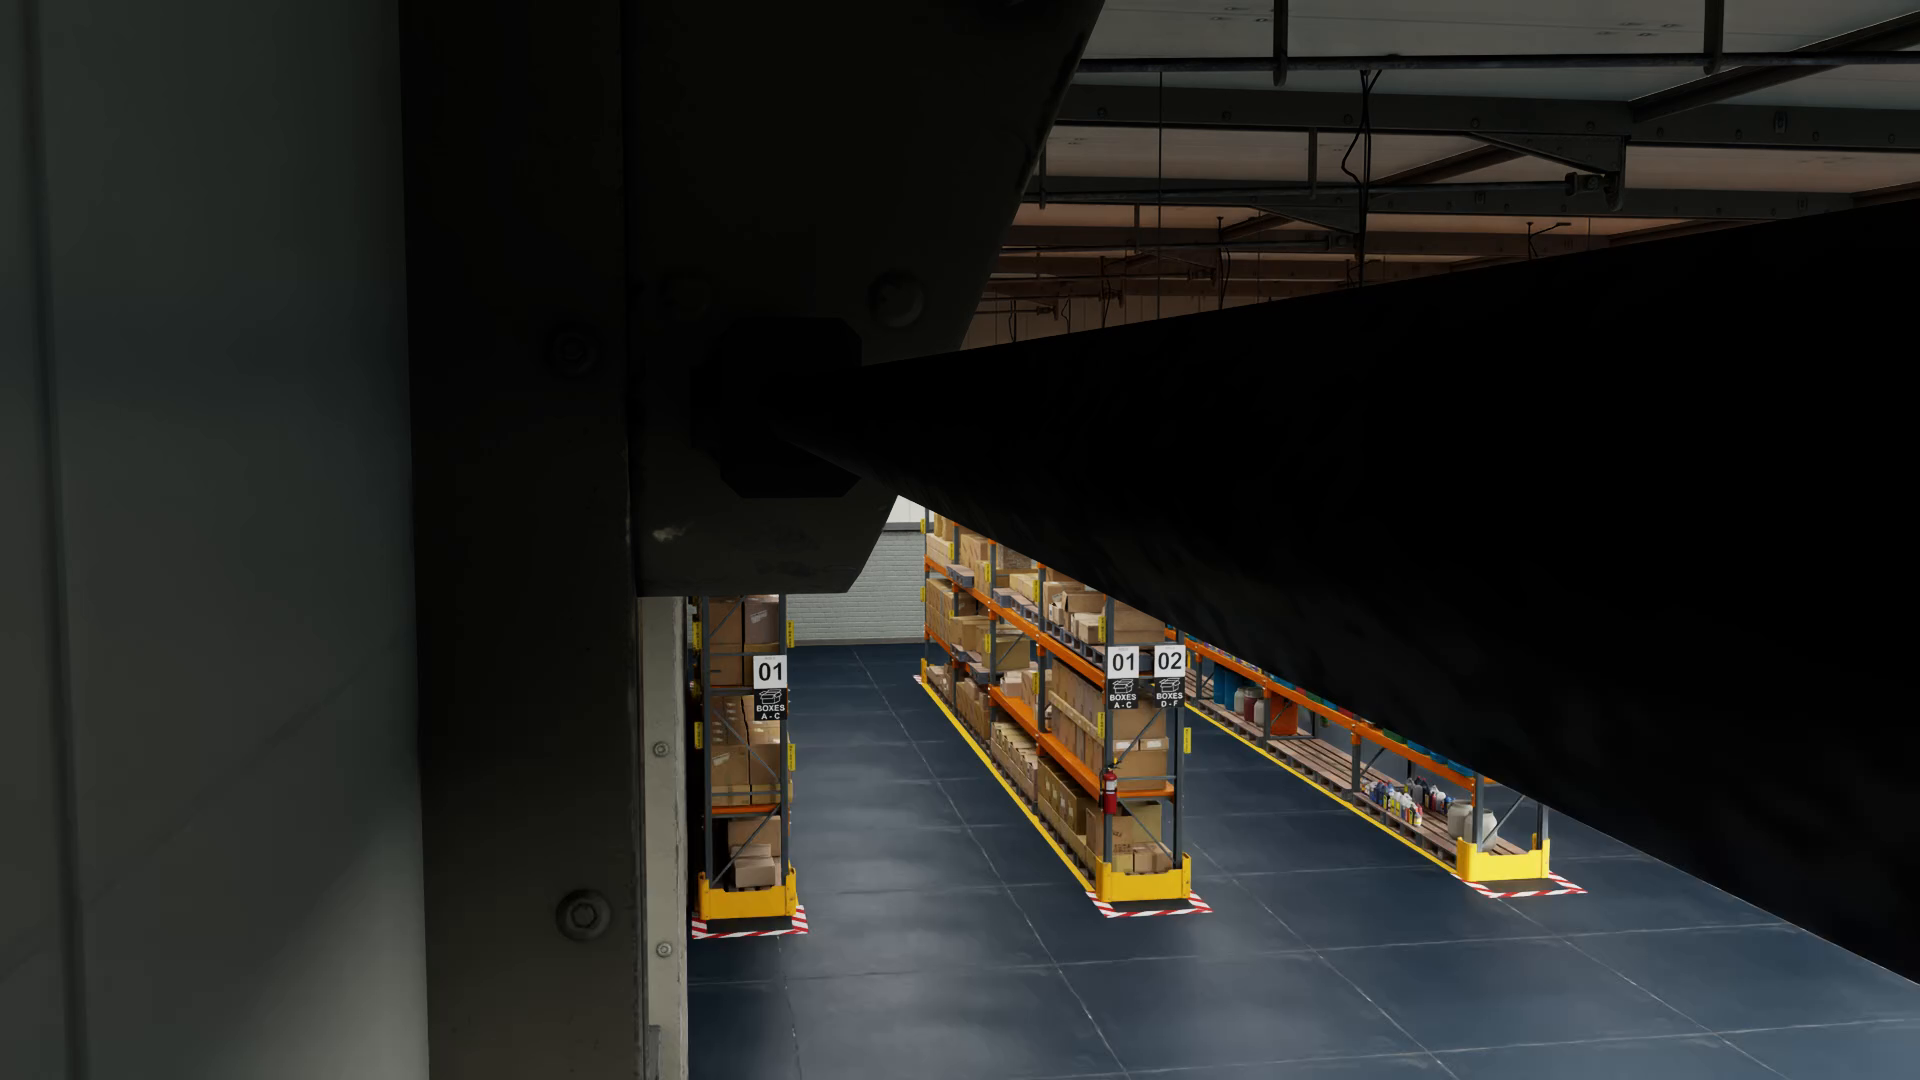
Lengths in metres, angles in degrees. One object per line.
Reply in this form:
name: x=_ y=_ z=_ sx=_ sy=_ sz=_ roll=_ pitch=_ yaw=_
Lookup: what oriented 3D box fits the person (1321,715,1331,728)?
person: x=6.916 y=2.692 z=31.792 sx=0.589 sy=1.699 sz=0.793 roll=0 pitch=5 yaw=0
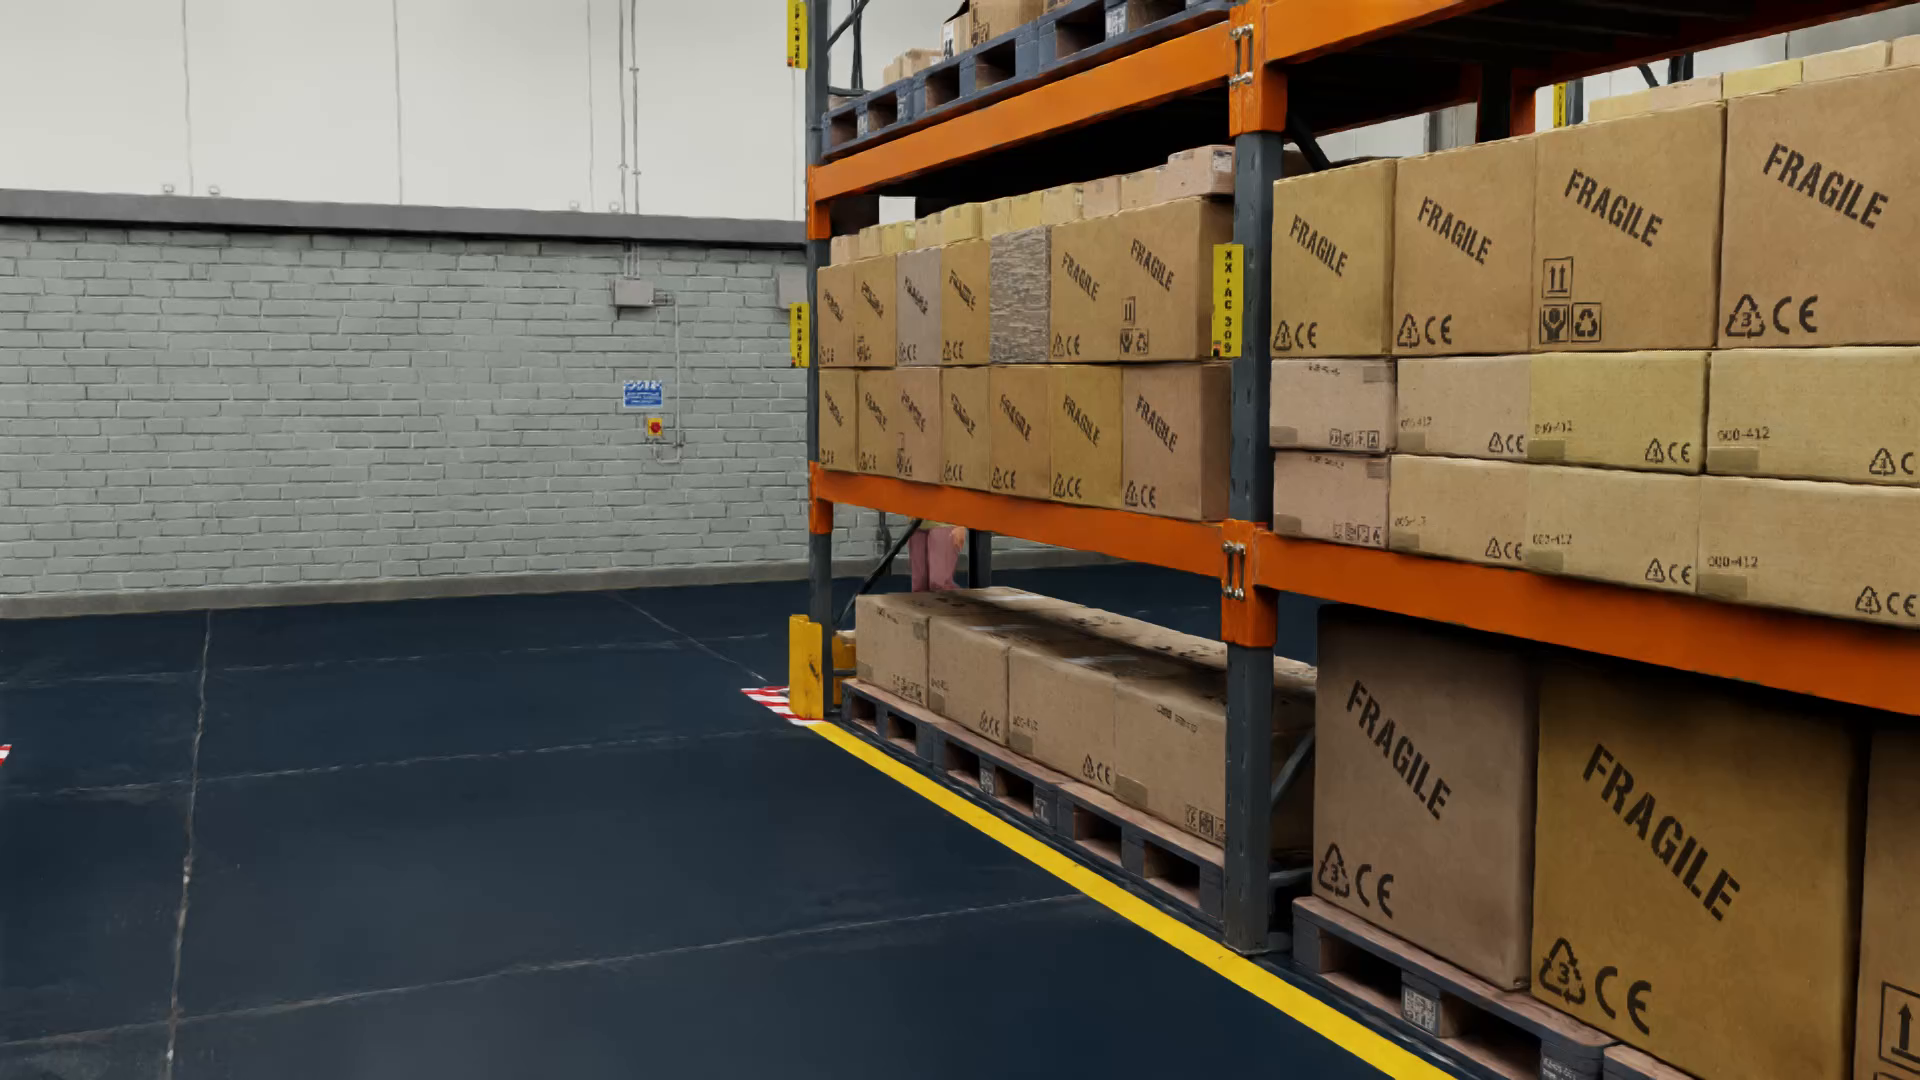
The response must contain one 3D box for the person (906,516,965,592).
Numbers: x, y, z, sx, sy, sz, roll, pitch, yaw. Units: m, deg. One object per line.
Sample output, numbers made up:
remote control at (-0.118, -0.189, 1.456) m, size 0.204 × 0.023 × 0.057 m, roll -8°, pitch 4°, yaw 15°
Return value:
person at (-0.155, 0.077, 10.078) m, size 0.495 × 1.403 × 0.578 m, roll 4°, pitch 7°, yaw 37°
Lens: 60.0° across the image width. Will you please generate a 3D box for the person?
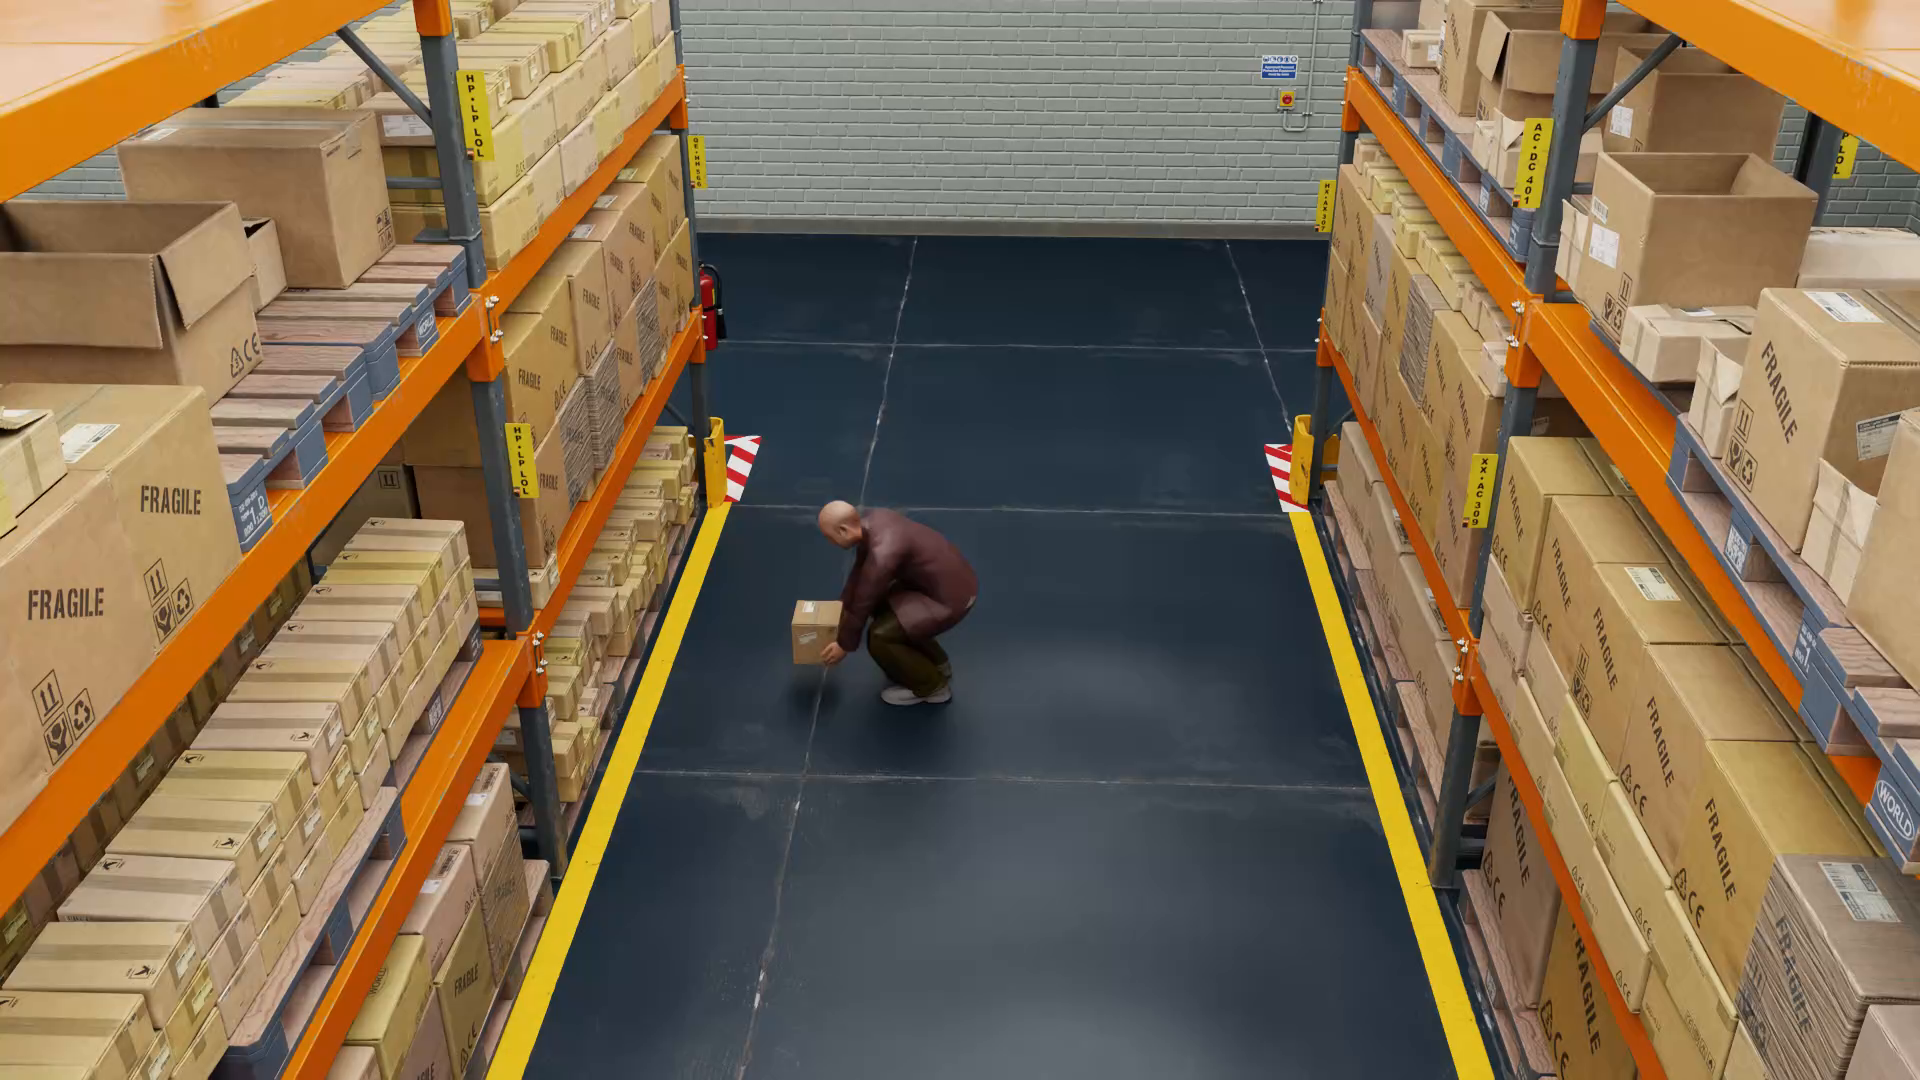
[{"bbox_3d":[-0.325,0.301,8.746,0.852,1.144,0.620,1,28,2],"label":"person"}]

◇ ◇ ◇

Retype exactly, and only, the lines from the one containing "Lookup: what oriented" through the end of the material, leaving aside every picture.

Lookup: what oriented 3D box fits the person (1321,715,1331,728)?
person: x=6.916 y=2.692 z=31.792 sx=0.589 sy=1.699 sz=0.793 roll=0 pitch=5 yaw=0
The response must contain one 3D box for the person (906,516,965,592).
Numbers: x, y, z, sx, sy, sz, roll, pitch, yaw. Units: m, deg. One object per line.
Sample output, numbers made up:
remote control at (-0.118, -0.189, 1.456) m, size 0.204 × 0.023 × 0.057 m, roll -8°, pitch 4°, yaw 15°
Return value:
person at (-0.155, 0.077, 10.078) m, size 0.495 × 1.403 × 0.578 m, roll 4°, pitch 7°, yaw 37°
Lens: 60.0° across the image width. Will you please generate a 3D box for the person?
[{"bbox_3d":[-0.325,0.301,8.746,0.852,1.144,0.620,1,28,2],"label":"person"}]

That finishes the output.